In their generalities, if not in their particulars, these are all issues I regularly see in my clients’ manuscripts. Whether you are heartened or disheartened to know that even a guy like Michael Crichton dealt with the very same things is up to you, but that’s the truth. I see this stuff all the time.
Again, the point is not to rag on Michael Crichton. The point is, we’re not as done as we think we are.
All of us, we work on our novels to the best of our ability. Of course we do. We revise and rewrite and slave over line edits until our works are the best we can make them and at last we dare share them with others. But even so, chances are we’re not as done as we think we are. The manuscript may be complete, but it probably isn’t finished.
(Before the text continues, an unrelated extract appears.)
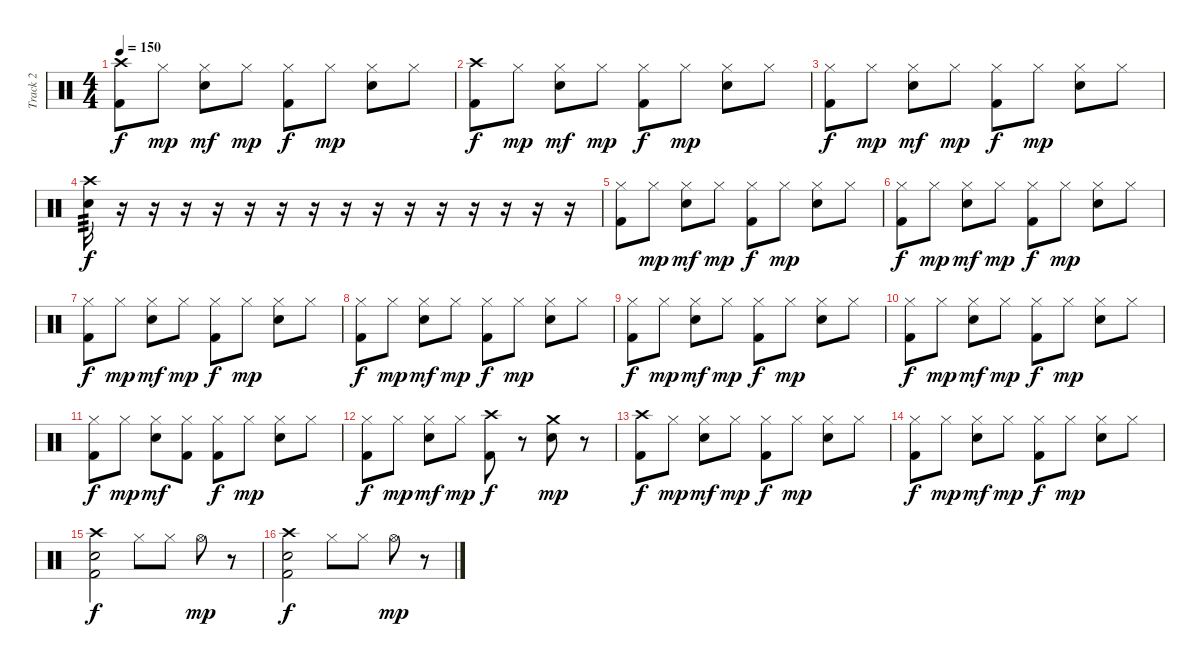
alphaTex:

The difference between Jurassic Park and Pirate Latitudes is that for the dinosaurs, Crichton obviously dealt with those plot problems. I don’t know whether he had a critique group of fellow powerhouse thriller writers to look over his stuff, or a trusted editor at Alfred A. Knopf, or maybe his agent, but clearly somebody combed through Jurassic Park to help him find all the misplaced, loose-threaded, or just plain goofy stuff in the story so he could fix it. Because at least to the limits of my memory, Jurassic Park is tight.
Given enough time, anybody can complete a novel. Finishing one is a lot harder, and rare is the writer who can do it without help. So get some help. Find somebody with a good eye for plot who can show you what you can’t see for yourself. After all, if you can’t see it, you can’t fix it.